With respect to the Corporation's credit risk and lending activities, management has taken actions to identify and assess additional possible credit exposure due to the changing environment caused by the COVID-19 crisis based upon the industry types within our current loan portfolio. Lending risks, as mentioned, are being monitored by industry, based upon NAICS code, with specific attention being paid to those industries that may experience greater stress during this time.

The COVID-19 crisis is expected to continue to impact the Corporation's financial results, as well as demand for its services and products during 2021. The short and long-term implications of the COVID-19 crisis, and related monetary and fiscal stimulus measures on the Corporation's future revenues, earnings results, allowance for loan losses, capital reserves, and liquidity are uncertain at this time.

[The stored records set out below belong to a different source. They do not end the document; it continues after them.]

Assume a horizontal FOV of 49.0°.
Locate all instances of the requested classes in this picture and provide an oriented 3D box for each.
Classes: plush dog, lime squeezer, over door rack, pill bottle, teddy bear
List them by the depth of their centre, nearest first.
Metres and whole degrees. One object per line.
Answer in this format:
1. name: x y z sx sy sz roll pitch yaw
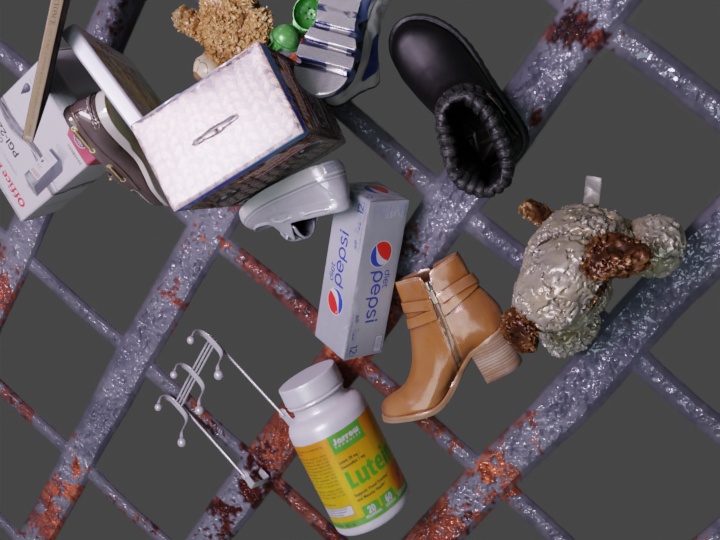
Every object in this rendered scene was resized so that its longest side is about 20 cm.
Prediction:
1. plush dog: 0.214 -0.001 0.808 0.160 0.172 0.200 44 119 4
2. lime squeezer: -0.069 -0.275 0.880 0.038 0.070 0.201 42 78 -17
3. teddy bear: -0.160 -0.296 0.926 0.144 0.067 0.202 35 116 11
4. pill bottle: -0.025 0.224 1.017 0.110 0.111 0.203 -23 97 27
5. over door rack: -0.190 0.200 1.104 0.199 0.067 0.149 37 118 8

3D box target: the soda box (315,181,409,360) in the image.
1. soda box: 0.000 0.000 0.947 0.068 0.062 0.204 33 122 46

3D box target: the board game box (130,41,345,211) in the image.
1. board game box: -0.121 -0.148 0.856 0.157 0.200 0.098 -28 90 13

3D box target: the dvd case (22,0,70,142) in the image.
1. dvd case: -0.343 -0.265 0.886 0.016 0.150 0.203 13 119 -21

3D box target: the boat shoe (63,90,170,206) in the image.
1. boat shoe: -0.292 -0.142 0.978 0.058 0.201 0.073 -14 61 6

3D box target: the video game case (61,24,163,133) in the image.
1. video game case: -0.253 -0.187 0.942 0.023 0.182 0.201 -36 91 4

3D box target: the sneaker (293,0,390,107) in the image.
1. sneaker: -0.009 -0.267 0.868 0.079 0.115 0.203 21 85 11

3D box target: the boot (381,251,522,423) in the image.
1. boot: 0.079 0.083 0.952 0.198 0.074 0.156 -31 95 16

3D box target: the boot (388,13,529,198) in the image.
1. boot: 0.092 -0.177 0.809 0.211 0.158 0.079 46 118 2

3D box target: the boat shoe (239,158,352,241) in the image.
1. boat shoe: -0.076 -0.071 0.937 0.198 0.071 0.070 -20 90 45

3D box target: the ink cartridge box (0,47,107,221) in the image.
1. ink cartridge box: -0.412 -0.181 1.061 0.198 0.085 0.147 -30 94 30
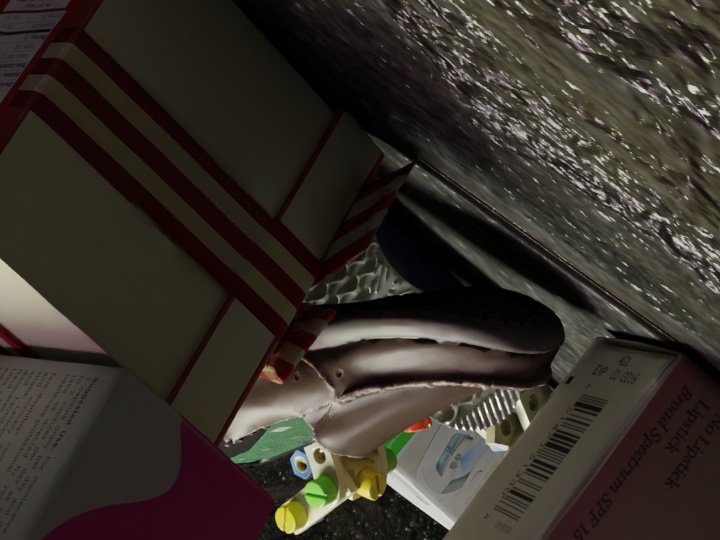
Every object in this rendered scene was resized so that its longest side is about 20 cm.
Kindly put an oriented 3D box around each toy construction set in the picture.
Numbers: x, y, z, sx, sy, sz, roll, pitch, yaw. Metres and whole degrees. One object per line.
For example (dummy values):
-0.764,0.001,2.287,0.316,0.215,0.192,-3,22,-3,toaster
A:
0.026,0.090,1.192,0.200,0.131,0.092,-9,-175,28,toy construction set

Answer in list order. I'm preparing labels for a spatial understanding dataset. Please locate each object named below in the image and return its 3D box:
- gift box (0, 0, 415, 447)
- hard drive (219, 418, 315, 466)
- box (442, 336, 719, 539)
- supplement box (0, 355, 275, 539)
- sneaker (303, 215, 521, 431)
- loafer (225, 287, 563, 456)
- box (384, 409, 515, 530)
-0.104,-0.041,0.867,0.184,0.200,0.187,10,150,50,gift box
-0.088,0.078,1.070,0.200,0.038,0.140,1,161,-44,hard drive
0.155,0.140,0.863,0.200,0.128,0.109,39,173,-11,box
-0.150,0.102,0.844,0.200,0.103,0.101,0,143,47,supplement box
0.000,0.001,1.041,0.200,0.070,0.100,46,-172,-11,sneaker
0.008,0.050,0.932,0.200,0.071,0.073,-4,-174,36,loafer
0.042,0.105,1.418,0.176,0.097,0.200,44,172,-27,box
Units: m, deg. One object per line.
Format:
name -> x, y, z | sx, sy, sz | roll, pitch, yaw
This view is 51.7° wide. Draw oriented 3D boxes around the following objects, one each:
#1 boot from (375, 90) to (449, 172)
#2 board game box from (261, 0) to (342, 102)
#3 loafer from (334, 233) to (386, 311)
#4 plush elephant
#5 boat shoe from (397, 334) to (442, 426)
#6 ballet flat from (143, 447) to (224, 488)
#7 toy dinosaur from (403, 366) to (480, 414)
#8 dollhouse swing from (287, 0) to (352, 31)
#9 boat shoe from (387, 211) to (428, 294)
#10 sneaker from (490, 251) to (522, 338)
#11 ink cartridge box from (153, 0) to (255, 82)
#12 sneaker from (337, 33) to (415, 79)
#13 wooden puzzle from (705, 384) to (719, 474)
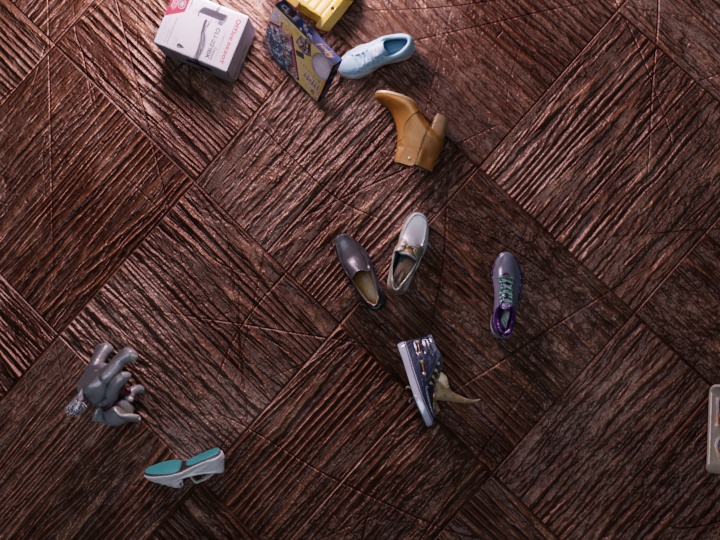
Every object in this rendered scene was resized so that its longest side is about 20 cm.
boot -> 0.103, -0.325, 1.755 | 0.198, 0.071, 0.146 | 24, 86, -1
board game box -> -0.141, -0.516, 1.752 | 0.200, 0.136, 0.035 | 46, 57, 4
loafer -> 0.000, 0.000, 1.745 | 0.072, 0.072, 0.202 | -33, 85, 2
plush elephant -> -0.574, 0.290, 1.737 | 0.163, 0.155, 0.202 | -4, 46, 40
boat shoe -> 0.154, 0.244, 1.686 | 0.089, 0.071, 0.203 | -18, 68, 0
ballet flat -> -0.412, 0.478, 1.756 | 0.196, 0.069, 0.071 | -16, 86, 2
toy dinosaur -> 0.177, 0.288, 1.727 | 0.198, 0.058, 0.102 | 30, 88, 4
dollhouse swing -> -0.128, -0.690, 1.738 | 0.199, 0.176, 0.182 | 40, 90, 6
boat shoe -> 0.115, -0.040, 1.742 | 0.073, 0.068, 0.204 | 15, 88, 4
sneaker -> 0.341, 0.056, 1.713 | 0.073, 0.088, 0.204 | 2, 87, 4
ink cartridge box -> -0.373, -0.565, 1.792 | 0.197, 0.084, 0.147 | 23, 88, 4
sneaker -> 0.034, -0.519, 1.765 | 0.197, 0.082, 0.075 | -22, 85, 2
wooden puzzle -> 0.885, 0.369, 1.684 | 0.181, 0.046, 0.204 | 5, 88, 4
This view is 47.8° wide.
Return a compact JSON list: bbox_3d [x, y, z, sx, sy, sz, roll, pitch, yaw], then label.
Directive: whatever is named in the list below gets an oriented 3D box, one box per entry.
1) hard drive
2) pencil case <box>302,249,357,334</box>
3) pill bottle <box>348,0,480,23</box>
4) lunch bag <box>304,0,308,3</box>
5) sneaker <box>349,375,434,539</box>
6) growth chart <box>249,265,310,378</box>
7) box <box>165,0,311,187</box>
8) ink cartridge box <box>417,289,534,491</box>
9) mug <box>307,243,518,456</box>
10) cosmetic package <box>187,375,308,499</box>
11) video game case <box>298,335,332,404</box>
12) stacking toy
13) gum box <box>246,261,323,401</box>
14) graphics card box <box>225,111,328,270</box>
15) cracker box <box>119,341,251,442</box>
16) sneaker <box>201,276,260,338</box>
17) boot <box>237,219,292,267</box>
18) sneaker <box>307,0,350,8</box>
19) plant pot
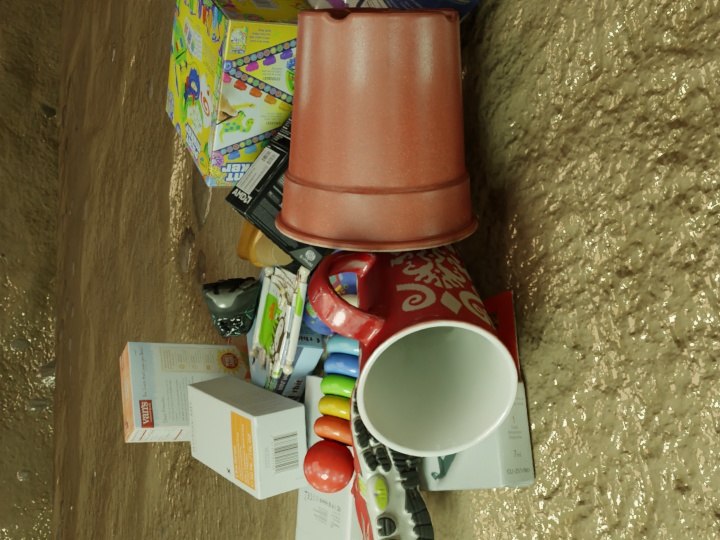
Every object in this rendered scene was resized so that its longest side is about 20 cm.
[{"bbox_3d":[-0.033,0.229,0.950,0.131,0.026,0.204,-4,82,60],"label":"hard drive"},{"bbox_3d":[0.000,0.000,0.925,0.079,0.086,0.200,58,141,10],"label":"pencil case"},{"bbox_3d":[0.056,-0.284,0.844,0.200,0.110,0.113,-42,50,49],"label":"pill bottle"},{"bbox_3d":[-0.071,-0.324,1.062,0.171,0.120,0.202,-55,36,39],"label":"lunch bag"},{"bbox_3d":[0.014,0.194,0.794,0.085,0.076,0.203,146,123,-59],"label":"sneaker"},{"bbox_3d":[-0.102,0.062,1.009,0.200,0.017,0.147,-173,92,-70],"label":"growth chart"},{"bbox_3d":[-0.142,-0.233,0.956,0.201,0.120,0.195,54,139,44],"label":"box"},{"bbox_3d":[0.082,0.125,0.799,0.199,0.043,0.177,-26,65,56],"label":"ink cartridge box"},{"bbox_3d":[0.046,0.031,0.725,0.132,0.179,0.201,-25,28,10],"label":"mug"},{"bbox_3d":[-0.146,0.204,1.024,0.199,0.070,0.103,6,101,56],"label":"cosmetic package"},{"bbox_3d":[-0.041,0.168,1.023,0.182,0.023,0.203,29,110,58],"label":"video game case"},{"bbox_3d":[-0.011,0.132,0.855,0.085,0.085,0.203,-17,54,57],"label":"stacking toy"},{"bbox_3d":[-0.108,0.080,1.098,0.202,0.044,0.171,-104,31,-44],"label":"gum box"},{"bbox_3d":[-0.040,-0.115,0.885,0.051,0.125,0.201,30,83,44],"label":"graphics card box"},{"bbox_3d":[-0.250,0.180,1.205,0.058,0.197,0.136,-48,46,45],"label":"cracker box"},{"bbox_3d":[-0.164,0.051,1.081,0.200,0.074,0.081,-154,60,-89],"label":"sneaker"},{"bbox_3d":[-0.087,-0.096,1.047,0.203,0.071,0.144,-58,28,-9],"label":"boot"},{"bbox_3d":[-0.002,-0.350,0.886,0.072,0.114,0.201,39,99,7],"label":"sneaker"},{"bbox_3d":[0.016,-0.142,0.761,0.200,0.198,0.199,31,125,57],"label":"plant pot"}]
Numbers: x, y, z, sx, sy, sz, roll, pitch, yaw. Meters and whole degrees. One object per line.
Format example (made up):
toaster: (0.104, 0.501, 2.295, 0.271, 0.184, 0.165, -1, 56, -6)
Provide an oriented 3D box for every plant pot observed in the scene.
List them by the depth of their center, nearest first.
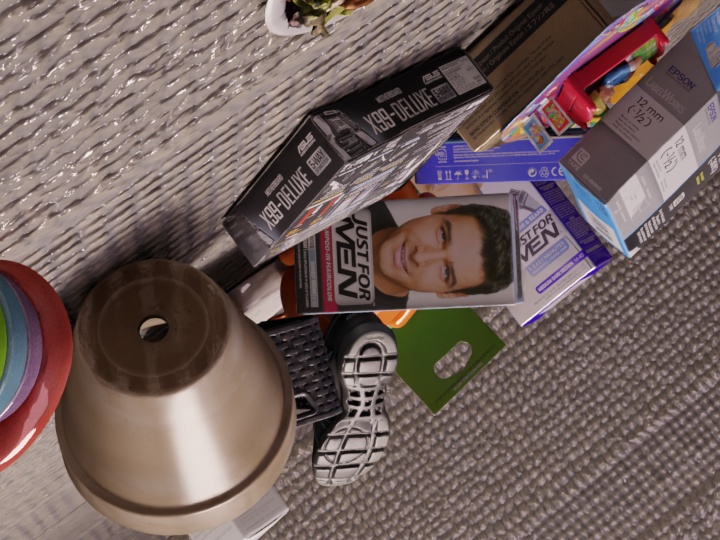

About Chemung Financial Corporation

Chemung Financial Corporation is a $2.3 billion financial services holding company headquartered in Elmira, New York and operates 30 retail offices through its principal subsidiary, Chemung Canal Trust Company, a full service community bank with trust powers. Established in 1833, Chemung Canal Trust Company is the oldest locally-owned and managed community bank in New York State. Chemung Financial Corporation is also the parent of CFS Group, Inc., a financial services subsidiary offering non-traditional services including mutual funds, annuities, brokerage services, tax preparation services and insurance, and Chemung Risk Management, Inc., a captive insurance company based in the State of Nevada.

This press release may be found at: www.chemungcanal.com under Investor Relations.

Forward-Looking Statements

This press release may contain forward-looking statements within the meaning of Section 27A of the Securities Act and Section 21E of the Securities Exchange Act, and the Private Securities Litigation Reform Act of 1995. The Corporation intends its forward-looking statements to be covered by the safe harbor provisions for forward-looking statements in this press release. All statements regarding the Corporation's expected financial position and operating results, the Corporation's business strategy, the Corporation's financial plans, forecasted demographic and economic trends relating to the Corporation's industry and similar matters are forward-looking statements. These statements can sometimes be identified by the Corporation's use of forward-looking words such as "may," "will," "anticipate," "estimate," "expect," or "intend." The Corporation cannot promise that its expectations in such forward-looking statements will turn out to be correct. The Corporation's actual results could be materially different from expectations because of various factors, including changes in economic conditions or interest rates, credit risk, difficulties in managing the Corporation’s growth, competition, changes in law or the regulatory environment, including the Dodd-Frank Act, and changes in general business and economic trends.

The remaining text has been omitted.